Data items:
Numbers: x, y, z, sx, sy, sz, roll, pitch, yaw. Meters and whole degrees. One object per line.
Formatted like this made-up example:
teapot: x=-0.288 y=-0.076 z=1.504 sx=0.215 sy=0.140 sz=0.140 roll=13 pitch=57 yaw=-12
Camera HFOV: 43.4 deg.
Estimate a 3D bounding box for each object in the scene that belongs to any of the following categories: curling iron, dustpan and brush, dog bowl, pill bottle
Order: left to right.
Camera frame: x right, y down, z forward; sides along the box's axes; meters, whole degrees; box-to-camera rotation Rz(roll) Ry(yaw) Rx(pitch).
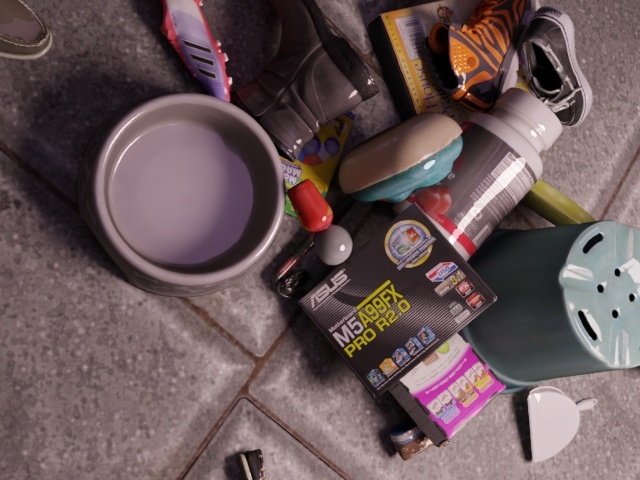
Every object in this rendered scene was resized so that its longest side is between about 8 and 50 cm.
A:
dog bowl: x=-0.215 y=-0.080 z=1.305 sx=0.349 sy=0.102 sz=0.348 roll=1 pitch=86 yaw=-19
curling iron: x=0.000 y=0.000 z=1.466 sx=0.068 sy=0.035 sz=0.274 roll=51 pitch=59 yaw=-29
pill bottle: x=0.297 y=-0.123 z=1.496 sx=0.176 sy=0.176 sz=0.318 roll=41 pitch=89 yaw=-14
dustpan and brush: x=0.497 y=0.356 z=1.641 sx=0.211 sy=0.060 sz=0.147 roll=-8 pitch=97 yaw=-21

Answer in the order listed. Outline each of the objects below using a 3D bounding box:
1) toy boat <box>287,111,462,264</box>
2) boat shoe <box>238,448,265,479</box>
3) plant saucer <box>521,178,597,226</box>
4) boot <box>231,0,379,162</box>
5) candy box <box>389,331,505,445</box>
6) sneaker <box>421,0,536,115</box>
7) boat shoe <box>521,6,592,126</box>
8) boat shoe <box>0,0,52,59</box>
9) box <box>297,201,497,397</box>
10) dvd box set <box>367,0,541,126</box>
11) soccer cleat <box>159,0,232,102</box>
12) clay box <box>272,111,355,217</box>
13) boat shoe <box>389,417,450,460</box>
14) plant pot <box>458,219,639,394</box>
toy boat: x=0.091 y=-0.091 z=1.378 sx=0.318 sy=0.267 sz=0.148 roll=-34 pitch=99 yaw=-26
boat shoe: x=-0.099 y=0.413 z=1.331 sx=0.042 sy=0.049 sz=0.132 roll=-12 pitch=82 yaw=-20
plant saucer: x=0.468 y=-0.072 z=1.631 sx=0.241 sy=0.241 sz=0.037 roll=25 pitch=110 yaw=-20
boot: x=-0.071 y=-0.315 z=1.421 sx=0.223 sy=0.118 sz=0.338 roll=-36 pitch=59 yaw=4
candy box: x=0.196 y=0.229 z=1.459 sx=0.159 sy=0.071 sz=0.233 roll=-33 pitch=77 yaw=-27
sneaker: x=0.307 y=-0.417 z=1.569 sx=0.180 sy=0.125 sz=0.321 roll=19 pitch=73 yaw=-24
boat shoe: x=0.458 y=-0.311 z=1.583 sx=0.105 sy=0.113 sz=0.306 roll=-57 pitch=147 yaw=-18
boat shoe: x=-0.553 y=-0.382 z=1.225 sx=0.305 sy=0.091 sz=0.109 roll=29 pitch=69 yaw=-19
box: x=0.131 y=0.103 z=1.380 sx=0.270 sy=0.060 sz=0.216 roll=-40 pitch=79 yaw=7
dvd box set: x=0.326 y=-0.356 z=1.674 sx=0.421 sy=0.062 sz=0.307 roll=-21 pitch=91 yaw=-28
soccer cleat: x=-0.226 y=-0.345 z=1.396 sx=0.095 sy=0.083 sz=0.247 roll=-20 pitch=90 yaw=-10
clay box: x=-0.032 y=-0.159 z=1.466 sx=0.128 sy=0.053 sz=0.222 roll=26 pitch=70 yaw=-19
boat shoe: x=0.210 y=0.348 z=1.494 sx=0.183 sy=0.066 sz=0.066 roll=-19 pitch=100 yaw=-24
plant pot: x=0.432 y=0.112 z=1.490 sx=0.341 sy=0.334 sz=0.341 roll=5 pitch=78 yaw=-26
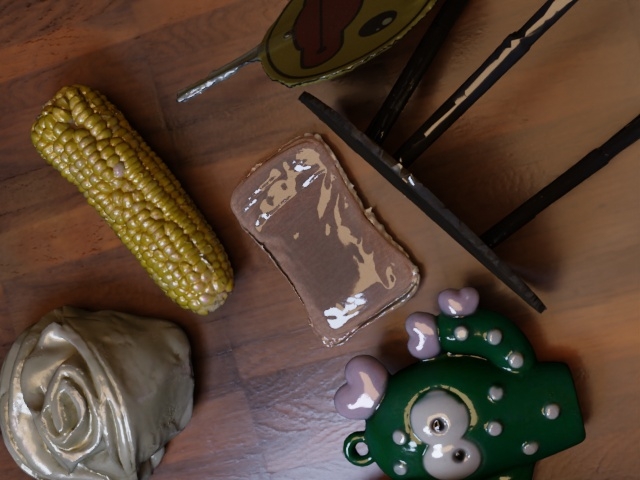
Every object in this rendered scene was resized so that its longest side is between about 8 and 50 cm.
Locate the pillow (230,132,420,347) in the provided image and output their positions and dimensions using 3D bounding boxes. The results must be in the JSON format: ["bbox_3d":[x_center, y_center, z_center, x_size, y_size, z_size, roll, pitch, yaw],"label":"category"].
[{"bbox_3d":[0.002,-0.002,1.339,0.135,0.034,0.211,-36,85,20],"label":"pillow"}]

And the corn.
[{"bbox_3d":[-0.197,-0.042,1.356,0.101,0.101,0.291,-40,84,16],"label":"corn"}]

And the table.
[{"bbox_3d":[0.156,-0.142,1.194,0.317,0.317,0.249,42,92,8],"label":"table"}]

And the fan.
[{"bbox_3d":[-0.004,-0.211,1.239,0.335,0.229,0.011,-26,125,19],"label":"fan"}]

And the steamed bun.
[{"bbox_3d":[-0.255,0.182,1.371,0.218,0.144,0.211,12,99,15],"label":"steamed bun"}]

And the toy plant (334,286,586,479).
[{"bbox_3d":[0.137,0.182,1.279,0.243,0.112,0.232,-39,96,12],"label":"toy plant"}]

**Prompt:**
Give the records again exactly, without pictures.

**Response area:**
Numbers: x, y, z, sx, sy, sz, roll, pitch, yaw. Meters and whole degrees. One object per line.
Formatted like this made-up example:
teapot: x=-0.288 y=-0.076 z=1.504 sx=0.215 sy=0.140 sz=0.140 roll=13 pitch=57 yaw=-12
Camera HFOV: 43.4 deg.
Estimate a 3D bounding box for each object in the scene that belongs to any of the following categories: curling iron, dustpan and brush, dog bowl, pill bottle
Order: left to right.
Camera frame: x right, y down, z forward; sides along the box's axes; meters, whole degrees; box-to-camera rotation Rz(roll) Ry(yaw) Rx(pitch).
Every object in this rendered scene was resized so that its longest side is between about 8 and 50 cm.
A:
dog bowl: x=-0.215 y=-0.080 z=1.305 sx=0.349 sy=0.102 sz=0.348 roll=1 pitch=86 yaw=-19
curling iron: x=0.000 y=0.000 z=1.466 sx=0.068 sy=0.035 sz=0.274 roll=51 pitch=59 yaw=-29
pill bottle: x=0.297 y=-0.123 z=1.496 sx=0.176 sy=0.176 sz=0.318 roll=41 pitch=89 yaw=-14
dustpan and brush: x=0.497 y=0.356 z=1.641 sx=0.211 sy=0.060 sz=0.147 roll=-8 pitch=97 yaw=-21

Answer in the order listed. Outline each of the objects below using a 3D bounding box:
1) toy boat <box>287,111,462,264</box>
2) boat shoe <box>238,448,265,479</box>
3) plant saucer <box>521,178,597,226</box>
4) boot <box>231,0,379,162</box>
5) candy box <box>389,331,505,445</box>
6) sneaker <box>421,0,536,115</box>
7) boat shoe <box>521,6,592,126</box>
8) boat shoe <box>0,0,52,59</box>
9) box <box>297,201,497,397</box>
10) dvd box set <box>367,0,541,126</box>
11) soccer cleat <box>159,0,232,102</box>
12) clay box <box>272,111,355,217</box>
13) boat shoe <box>389,417,450,460</box>
14) plant pot <box>458,219,639,394</box>
toy boat: x=0.091 y=-0.091 z=1.378 sx=0.318 sy=0.267 sz=0.148 roll=-34 pitch=99 yaw=-26
boat shoe: x=-0.099 y=0.413 z=1.331 sx=0.042 sy=0.049 sz=0.132 roll=-12 pitch=82 yaw=-20
plant saucer: x=0.468 y=-0.072 z=1.631 sx=0.241 sy=0.241 sz=0.037 roll=25 pitch=110 yaw=-20
boot: x=-0.071 y=-0.315 z=1.421 sx=0.223 sy=0.118 sz=0.338 roll=-36 pitch=59 yaw=4
candy box: x=0.196 y=0.229 z=1.459 sx=0.159 sy=0.071 sz=0.233 roll=-33 pitch=77 yaw=-27
sneaker: x=0.307 y=-0.417 z=1.569 sx=0.180 sy=0.125 sz=0.321 roll=19 pitch=73 yaw=-24
boat shoe: x=0.458 y=-0.311 z=1.583 sx=0.105 sy=0.113 sz=0.306 roll=-57 pitch=147 yaw=-18
boat shoe: x=-0.553 y=-0.382 z=1.225 sx=0.305 sy=0.091 sz=0.109 roll=29 pitch=69 yaw=-19
box: x=0.131 y=0.103 z=1.380 sx=0.270 sy=0.060 sz=0.216 roll=-40 pitch=79 yaw=7
dvd box set: x=0.326 y=-0.356 z=1.674 sx=0.421 sy=0.062 sz=0.307 roll=-21 pitch=91 yaw=-28
soccer cleat: x=-0.226 y=-0.345 z=1.396 sx=0.095 sy=0.083 sz=0.247 roll=-20 pitch=90 yaw=-10
clay box: x=-0.032 y=-0.159 z=1.466 sx=0.128 sy=0.053 sz=0.222 roll=26 pitch=70 yaw=-19
boat shoe: x=0.210 y=0.348 z=1.494 sx=0.183 sy=0.066 sz=0.066 roll=-19 pitch=100 yaw=-24
plant pot: x=0.432 y=0.112 z=1.490 sx=0.341 sy=0.334 sz=0.341 roll=5 pitch=78 yaw=-26
Every object in this rendered scene was resized so that its longest side is between about 8 and 50 cm.
Locate the pillow (230,132,420,347) in the provided image and output their positions and dimensions using 3D bounding boxes. The results must be in the JSON format: ["bbox_3d":[x_center, y_center, z_center, x_size, y_size, z_size, roll, pitch, yaw],"label":"category"].
[{"bbox_3d":[0.002,-0.002,1.339,0.135,0.034,0.211,-36,85,20],"label":"pillow"}]

And the corn.
[{"bbox_3d":[-0.197,-0.042,1.356,0.101,0.101,0.291,-40,84,16],"label":"corn"}]

And the table.
[{"bbox_3d":[0.156,-0.142,1.194,0.317,0.317,0.249,42,92,8],"label":"table"}]

And the fan.
[{"bbox_3d":[-0.004,-0.211,1.239,0.335,0.229,0.011,-26,125,19],"label":"fan"}]

And the steamed bun.
[{"bbox_3d":[-0.255,0.182,1.371,0.218,0.144,0.211,12,99,15],"label":"steamed bun"}]

And the toy plant (334,286,586,479).
[{"bbox_3d":[0.137,0.182,1.279,0.243,0.112,0.232,-39,96,12],"label":"toy plant"}]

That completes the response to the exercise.